## Required work
Using the material below, state how many of its lines contain the string "types", with no other words.

## Raw data
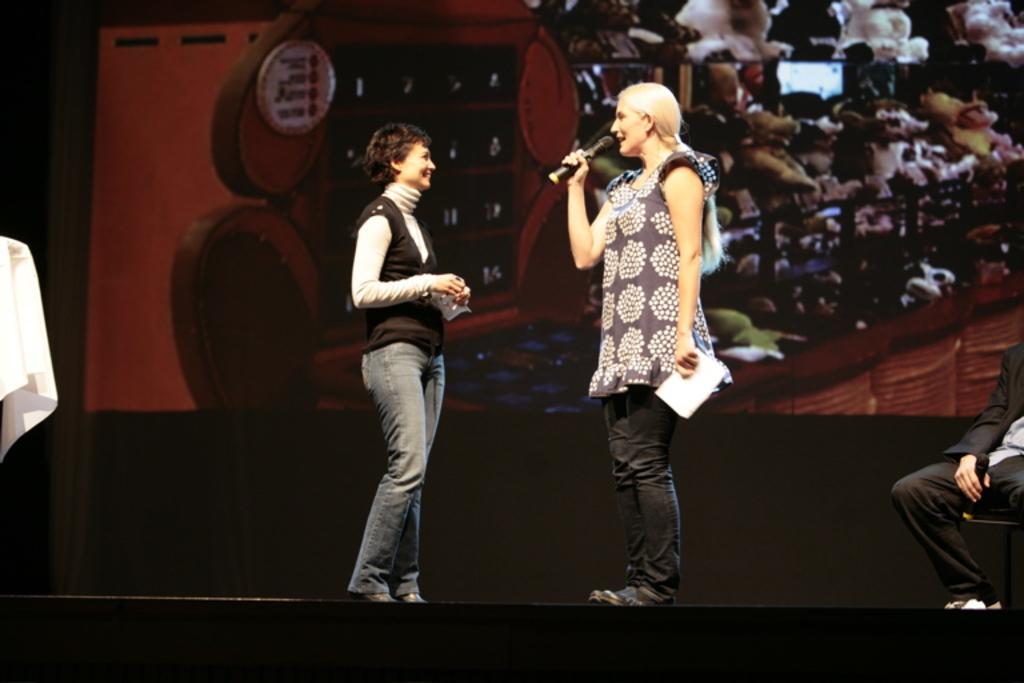How would you summarize this image in a sentence or two? There are two women standing. This woman is holding a mike and a paper in her hands. I can see a person holding a mike and sitting on the chair. This looks like a banner. 
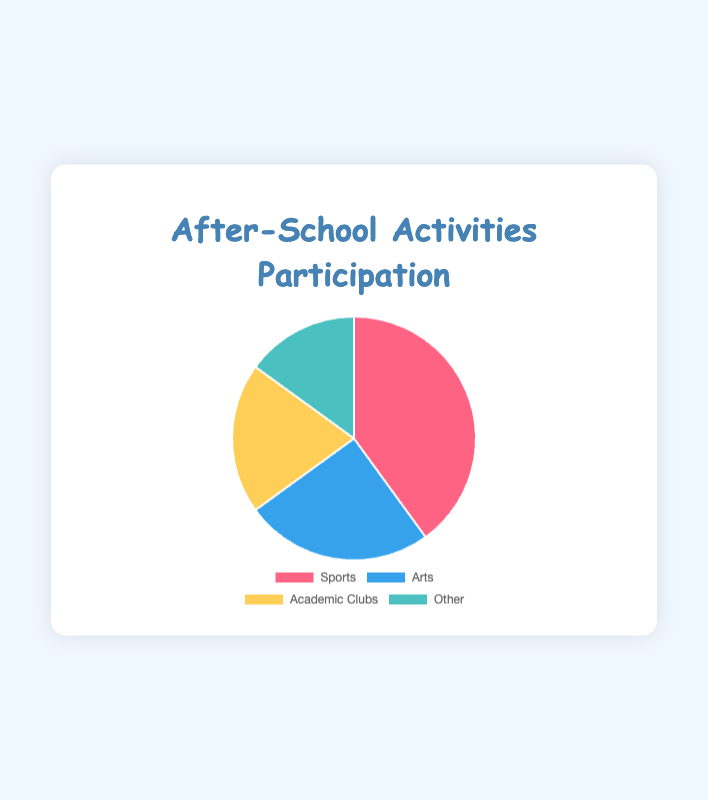Which activity has the highest participation percentage? The pie chart shows the participation percentages for different activities. By looking at the chart, we see that "Sports" has the largest segment.
Answer: Sports Which activity type has the smallest participation percentage? The pie chart segments represent different activity types, each labeled with its percentage. The smallest segment corresponds to "Other," indicating it has the lowest participation.
Answer: Other What is the combined participation percentage for Arts and Academic Clubs? To find the combined percentage, sum up the participation percentages of "Arts" and "Academic Clubs". Arts have 25% and Academic Clubs have 20%. 25% + 20% = 45%
Answer: 45% How much larger is the participation in Sports compared to Other activities? Calculate the difference between the Sports participation percentage (40%) and the Other activities participation percentage (15%). 40% - 15% = 25%
Answer: 25% If you combine the participation percentages of Academic Clubs and Other activities, does it exceed the participation in Arts? First, find the combined percentage of Academic Clubs (20%) and Other activities (15%) which equals 35%. Then compare this sum to the Arts participation percentage (25%). Since 35% > 25%, it exceeds the participation in Arts.
Answer: Yes What percentage of students participate in non-Sports activities? To find this, sum the percentages of all activities except Sports. Arts is 25%, Academic Clubs is 20%, and Other is 15%. 25% + 20% + 15% = 60%
Answer: 60% Which two activity types have the closest participation percentages? Compare the percentages for Arts (25%), Academic Clubs (20%), and Other (15%). The closest percentages are between Academic Clubs and Other, with a 5% difference.
Answer: Academic Clubs and Other What is the difference between the total percentage of students participating in Academic-focused and non-Academic-focused activities? Summing the academic-related (Academic Clubs) gives 20%. For non-academic, sum of Sports, Arts, and Other gives us 40% + 25% + 15% = 80%. The difference is 80% - 20% = 60%.
Answer: 60% 
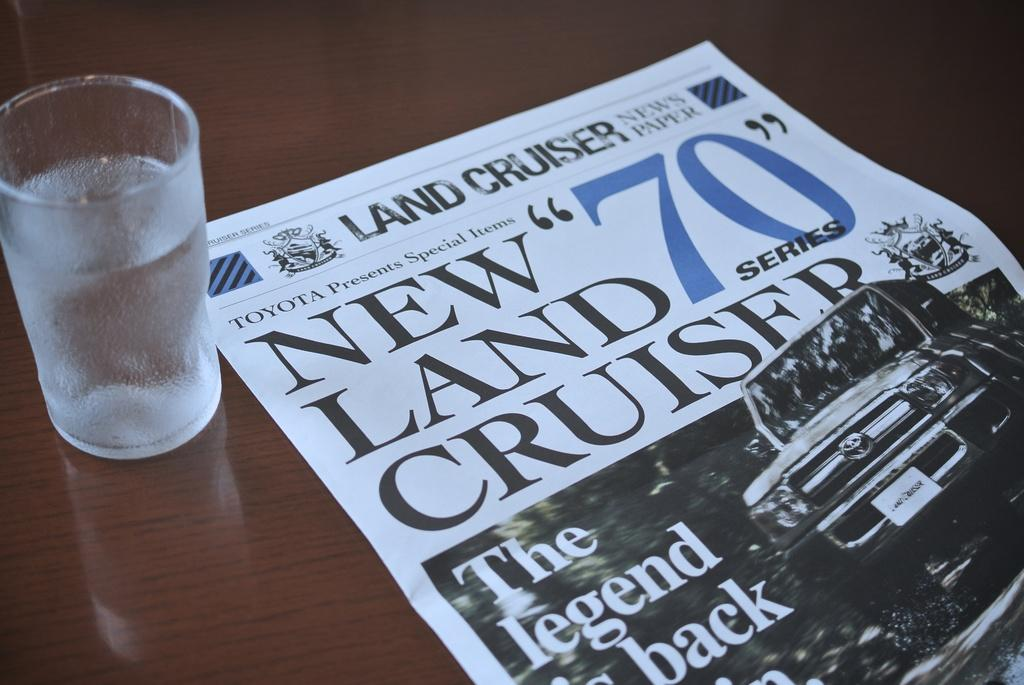<image>
Create a compact narrative representing the image presented. A glass of water sits next to a paper advertisement for the Toyota Land Cruiser. 
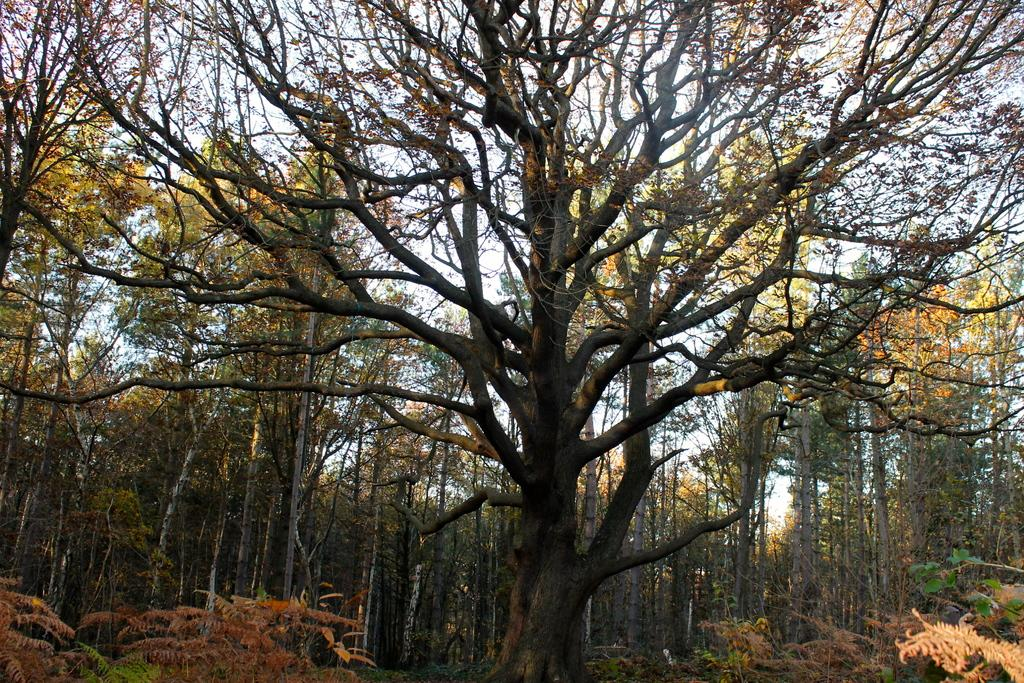What type of vegetation can be seen in the image? There are trees in the image. What is located between the trees on the left side? There is a pole between the trees on the left side. What other type of vegetation is present at the bottom of the image? There are plants at the bottom of the image. What is visible at the top of the image? The sky is visible at the top of the image. What type of juice is being squeezed from the trees in the image? There is no juice being squeezed from the trees in the image; it only shows trees, a pole, plants, and the sky. Can you see a carpenter working on the pole in the image? There is no carpenter present in the image, nor is there any indication of someone working on the pole. 
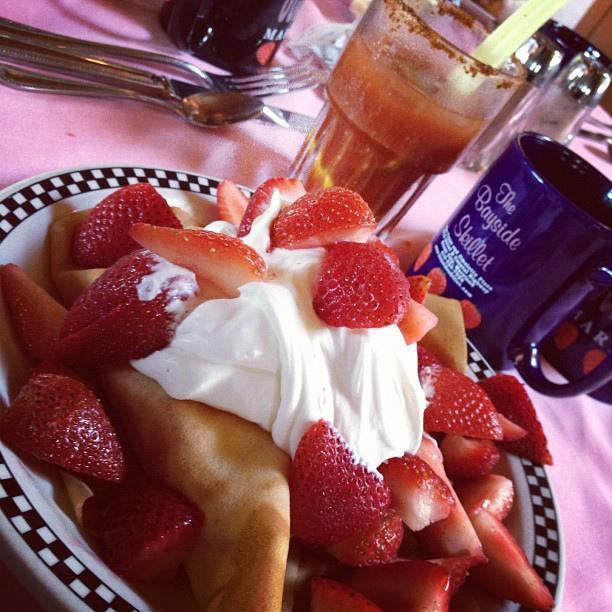How many cups are there?
Give a very brief answer. 3. 
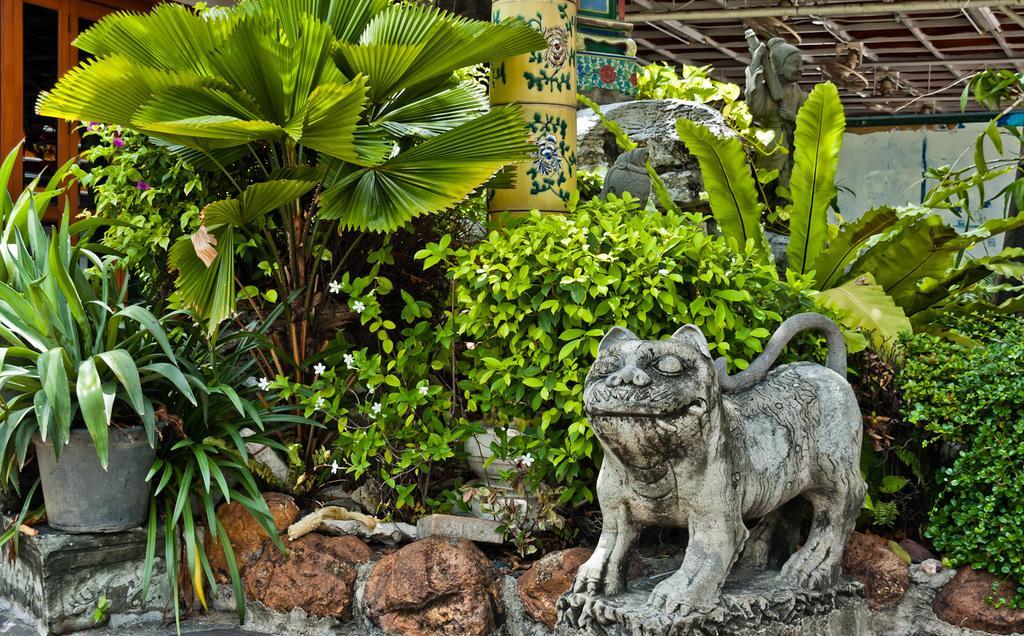Could you give a brief overview of what you see in this image? In this image there is a animal statue. Beside there are few rocks. Left side there is a pot on the rock. Pot is having few plants in it. Beside there are few plants having flowers. Behind there is a pillar and few statues. Left side there is a window.

## Completed task
2